Well, sorry for being an idiot! :tiphat::lol:
Also, it wasn't me who made the equation in the first post, it's a friend of mine. I don't know all this stuff yet.

 

[dgatsoulis]

So, the mass of fuel needed to attain a known Dv will be Me*e((Dv/Ve)-1)?
(Where Me= empty mass, Dv=Delta-v and Ve is the exhaust velocity)
Or am I missing something? :shifty:

Place Euler's number e inside the first parenthesis and keep in mind that e is NOT multiplied with dV/Ve but raised to the power of that.

First you need to have an understanding of the order of operations in math and then what ln and e are.
Do a wiki search for e mathematical constant, logarithm and natural logarithm.
Just by reading through the intros and the layman's definitions will help you get a grasp of the concepts, then look at Urwumpe's equations and the solution I posted again.

 

[Urwumpe]

Huh?
Well, sorry for being an idiot! :tiphat::lol:
Also, it wasn't me who made the equation in the first pot, it's a friend of mine.

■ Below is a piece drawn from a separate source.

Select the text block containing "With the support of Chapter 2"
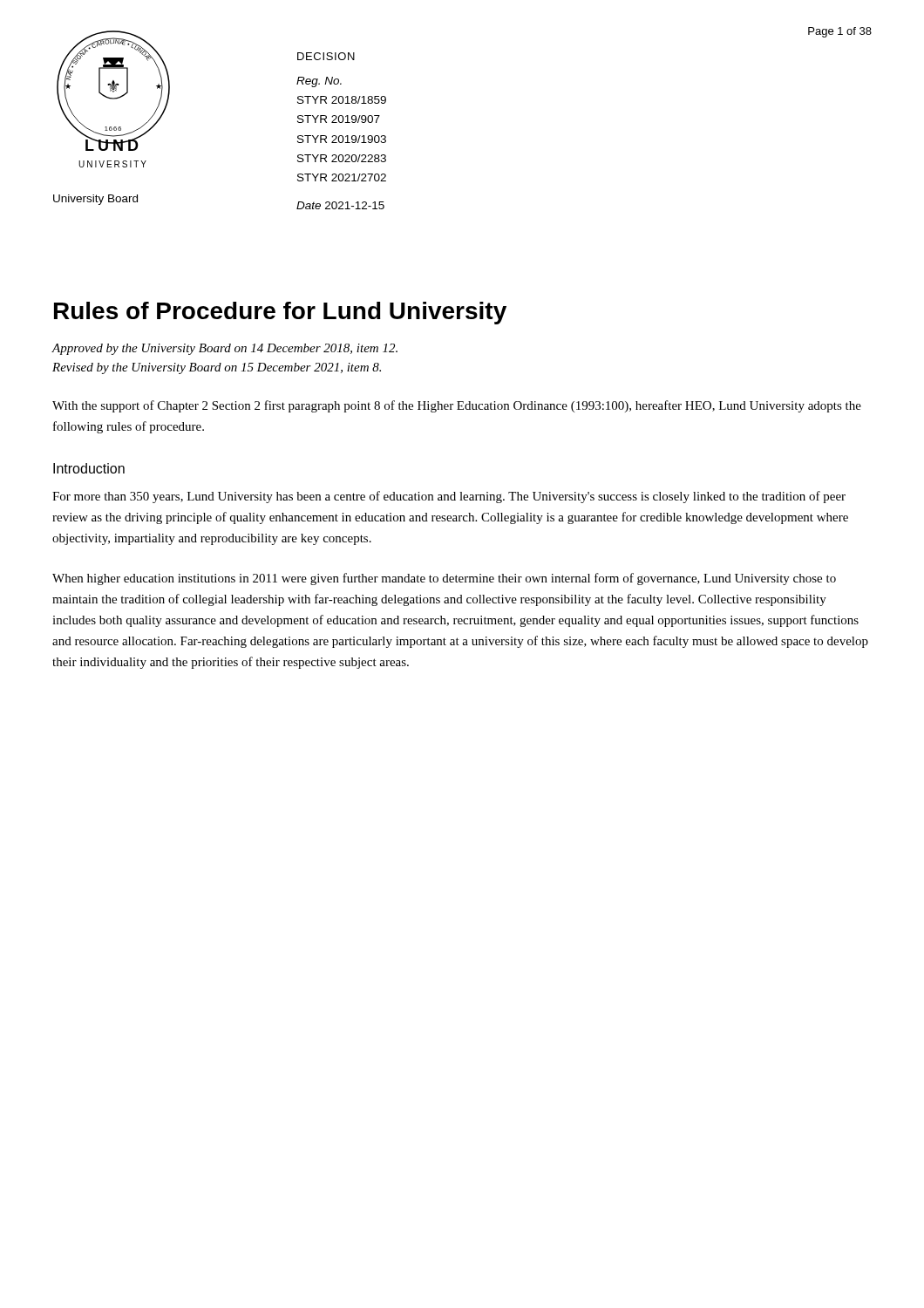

I don't know all this stuff yet.

So you better get aware, that exponents are not decorative.

[math]a^b \not= ab[/math]

And maybe, you should look for the laTex math notation to also describe formulas in this forum, it makes things easier to read since it gives you some kind of standard.

 

[Hurricane]

So you better get aware, that exponents are not decorative.

[math]a^b \not= ab[/math]

And maybe, you should look for the laTex math notation to also describe formulas in this forum, it makes things easier to read since it gives you some kind of standard.

well, I used the notation my friend used, whereby e(a) is e^a... That's the way he described it to me. And laTex math notation? Is that what you all use?

 

[Urwumpe]

well, I used the notation my friend used, whereby e(a) is e^a... That's the way he described it to me. And laTex math notation? Is that what you all use?

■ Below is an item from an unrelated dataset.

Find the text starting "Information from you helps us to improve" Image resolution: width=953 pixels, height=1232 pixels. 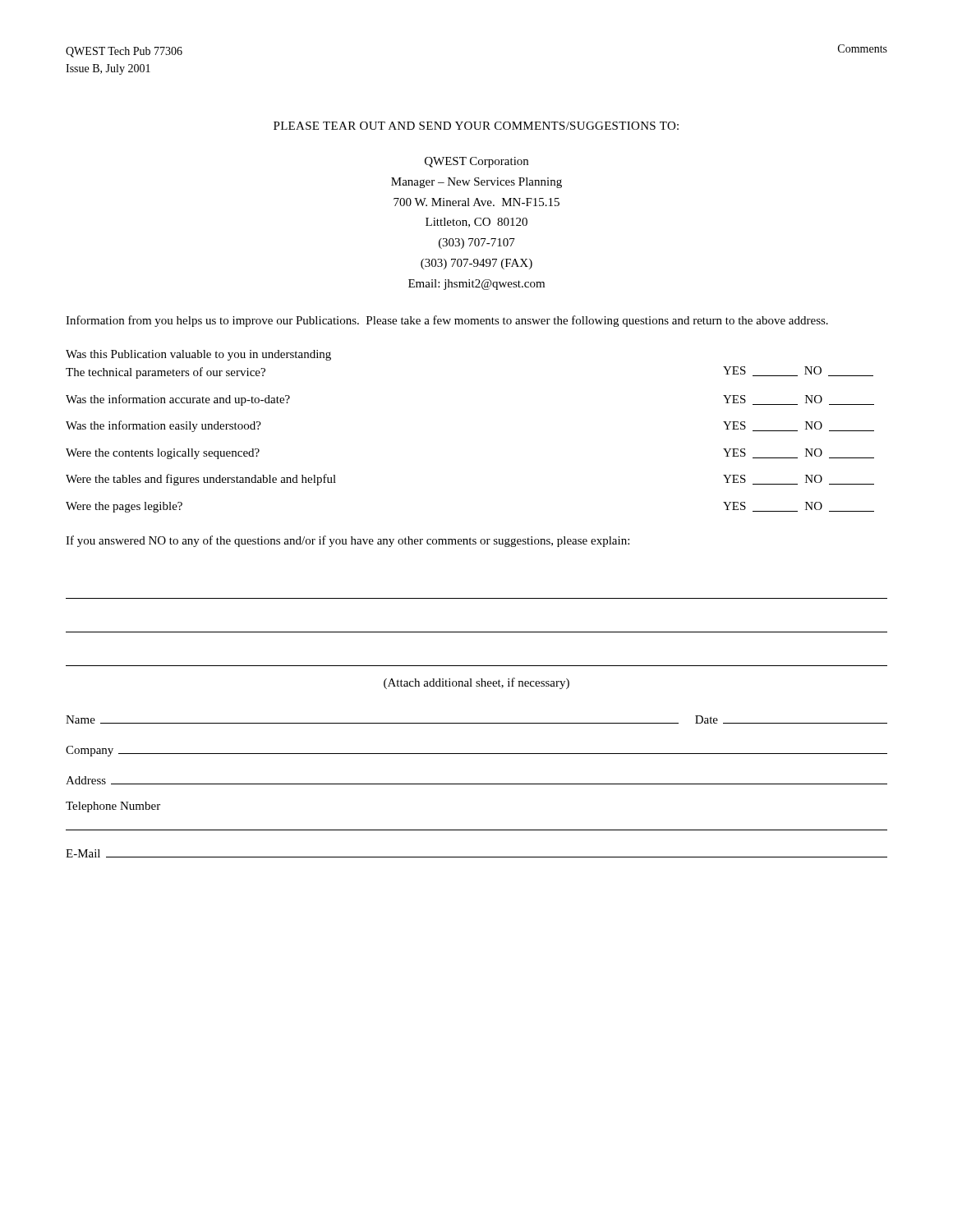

Yes, with [math]...[/math] tags around it.

and your friend should be aware that most programming languages use "exp(a)" for expressing [math]e^a[/math]

 

[Hurricane]

and your friend should be aware that most programming languages use "exp(a)" for expressing [math]e^a[/math]

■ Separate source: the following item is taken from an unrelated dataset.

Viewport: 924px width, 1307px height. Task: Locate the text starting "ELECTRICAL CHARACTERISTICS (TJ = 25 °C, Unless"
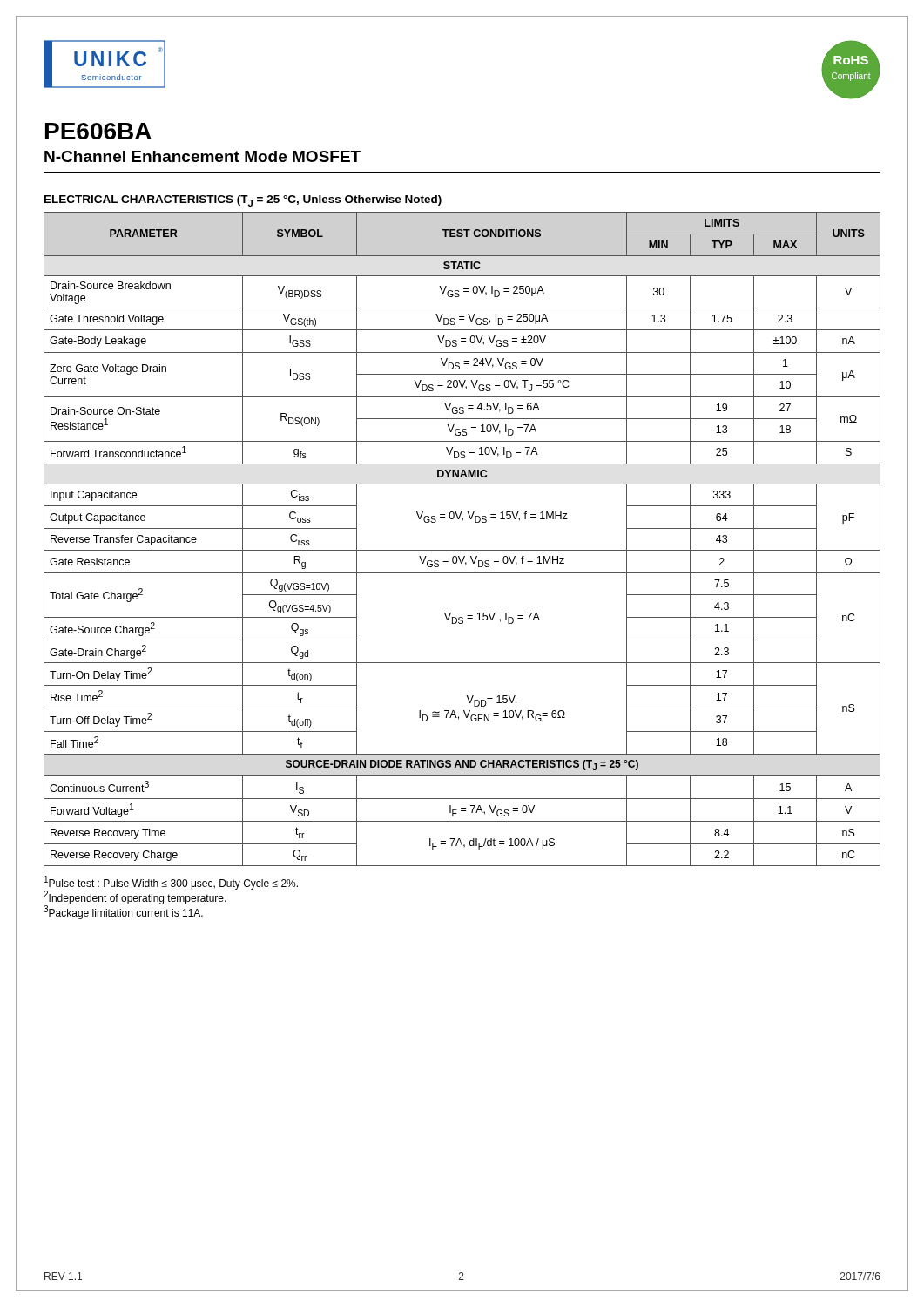click(243, 200)

Well, probably that's what he said... I don't quite remember.
~Thanks again, Oz.!

 

[Urwumpe]

Still:

Mf=Me*exp((Dv/Ve)-1)

is

[math]m_f = m_e \cdot e^{\frac{\Delta v}{v_e} - 1}[/math]

not

[math]m_f = m_e \cdot \left (e^{\frac{\Delta v}{v_e}}-1 \right )[/math]

 

[Hurricane]

Yup, sorry for everything. I REALLY shouldn't have done all that at 1 a.m.